Jesus himself rejoiced in the Holy Spirit. Luke tells us that when the seventy came back after their mission of preaching, healing, and exorcism:

In that same hour he rejoiced in the Holy Spirit and said, “I thank you, Father, Lord of heaven and earth, that you have hidden these things from the wise and understanding and revealed them to babes; yes, Father, for such was your gracious will” (Lk 10:21).

This promise of Jesus was fulfilled in the early Church. In the Acts of the Apostles, Luke tells us that “the disciples were filled with joy and with the Holy Spirit” (Acts 13:52). In his letter to the Romans Paul tells them, “For the kingdom of God is not food and drink but righteousness and peace and joy in the Holy Spirit” (Rom 14:17). And he prays, “May the God of hope fill you with all joy and peace in believing, so that by the power of the Holy Spirit you may abound in hope” (Rom 15:13). In his first letter, Peter reminds Christians that they have this joy. He writes, “Without having seen him you love him; though you do not now see him you believe in him and rejoice with unutterable and exalted joy” (1 Pt 1:8).

Before we look at anything else, before we see how we can maintain this joy, and even grow in this joy, it is important to understand what can kill this joy, what can seal up the fountain of living water in our hearts. The first seal is sin. Sin makes us sad — it is the enemy of joy. Paul tells us this in his letter to the Galatians:

But I say, walk by the Spirit, and do not gratify the desires of the flesh. For the desires of the flesh are against the Spirit, and the desires of the Spirit are against the flesh; for these are opposed to each other, to prevent you from doing what you would. But if you are led by the Spirit you are not under the law. Now the works of the flesh are plain: fornication, impurity, licentiousness, idolatry, sorcery, enmity, strife, jealousy, anger, selfishness, dissension, party spirit, envy, drunkenness, carousing, and the like. I warn you, as I warned you before, that those who do such things shall not inherit the kingdom of God (Gal 5:16–21).

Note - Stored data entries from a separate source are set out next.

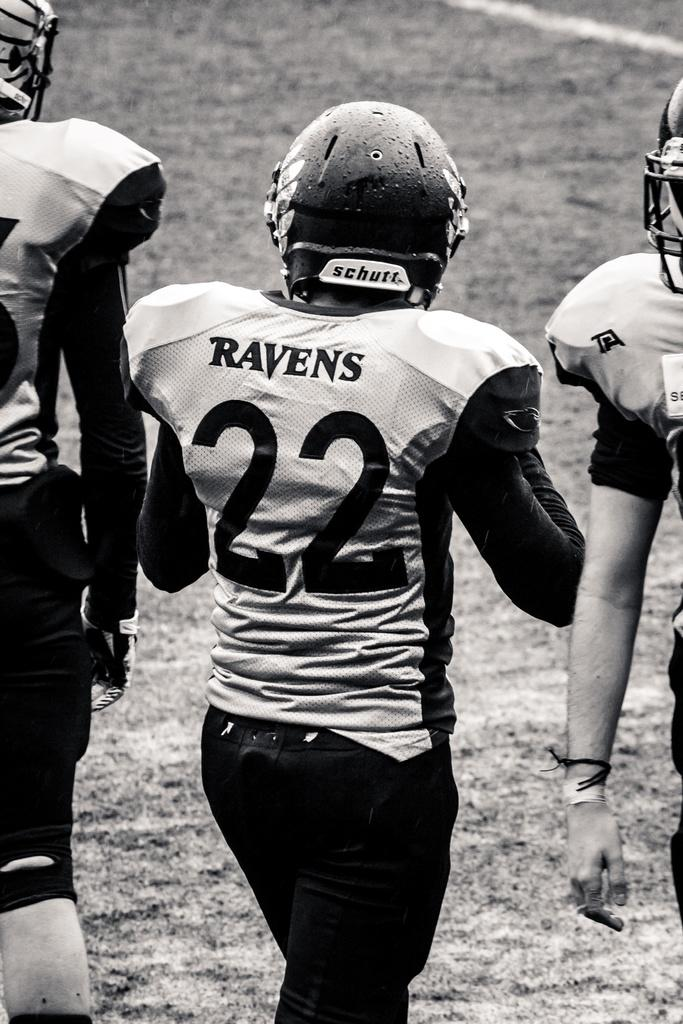What can be seen in the image? There are players in the image. What are the players wearing on their heads? The players are wearing helmets. Where are the players located in the image? The players are in the foreground area of the image. What type of environment is visible in the background of the image? The background of the image appears to be a grassland. Can you see an arch in the image? There is no arch present in the image. Are there any goats visible in the image? There are no goats present in the image. 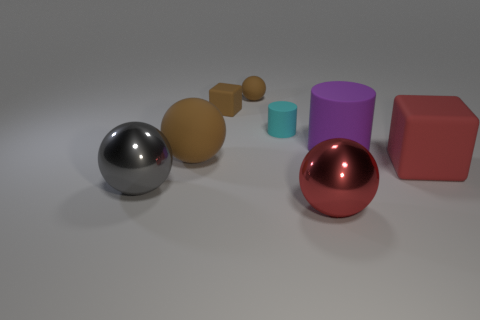Are there more brown balls behind the purple cylinder than big gray shiny things that are behind the big gray metal ball?
Give a very brief answer. Yes. Are there any purple things of the same shape as the tiny cyan object?
Keep it short and to the point. Yes. What shape is the brown rubber object that is the same size as the purple cylinder?
Give a very brief answer. Sphere. There is a red object that is behind the red sphere; what shape is it?
Make the answer very short. Cube. Is the number of blocks on the left side of the large brown sphere less than the number of small matte spheres that are in front of the large red shiny thing?
Provide a short and direct response. No. Is the size of the red block the same as the rubber ball in front of the purple matte object?
Ensure brevity in your answer.  Yes. How many brown cubes have the same size as the red shiny sphere?
Make the answer very short. 0. The small ball that is made of the same material as the big cylinder is what color?
Your answer should be compact. Brown. Is the number of large gray balls greater than the number of red objects?
Keep it short and to the point. No. Do the purple thing and the red sphere have the same material?
Keep it short and to the point. No. 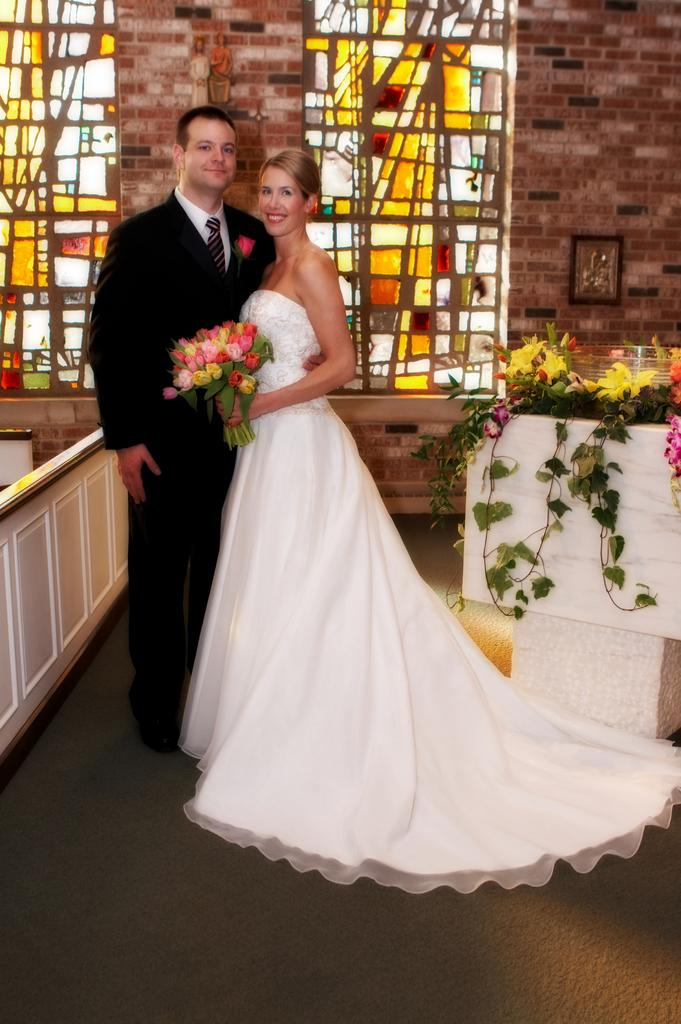How many people are in the image? There are two persons standing in the image. What is the facial expression of the persons? The persons are smiling. What can be seen in the background of the image? There is a wall in the background of the image. What features are present on the wall? There are windows and frames on the wall. Can you tell me how many horses are visible in the image? There are no horses present in the image. What type of nail is being used by the persons in the image? There is no nail being used by the persons in the image.

Remember how Paul described the kingdom of God — it is righteousness, peace, and joy in the Holy Spirit. If we put to death the works of the flesh, we will bear the fruits of the Spirit, which are:

. . . love, joy, peace, patience, kindness, goodness, faithfulness, gentleness, self-control; against such there is no law. And those who belong to Christ Jesus have crucified the flesh with its passions and desires. If we live by the Spirit, let us also walk by the Spirit (Gal 5:22–25).

We must make sure that the word of God does not fall among thorns. “And as for what fell among the thorns, they are those who hear, but as they go on their way they are choked by the cares and riches and pleasures of life, and their fruit does not mature” (Lk 8:14). This includes the fruit of joy. How can we clear away the thorns? Prayer enables us to clear away the cares, because in prayer we cast all our cares upon the Lord. Almsgiving enables us to clear away the lure of riches. And fasting enables us to put the pleasures of life in their proper place.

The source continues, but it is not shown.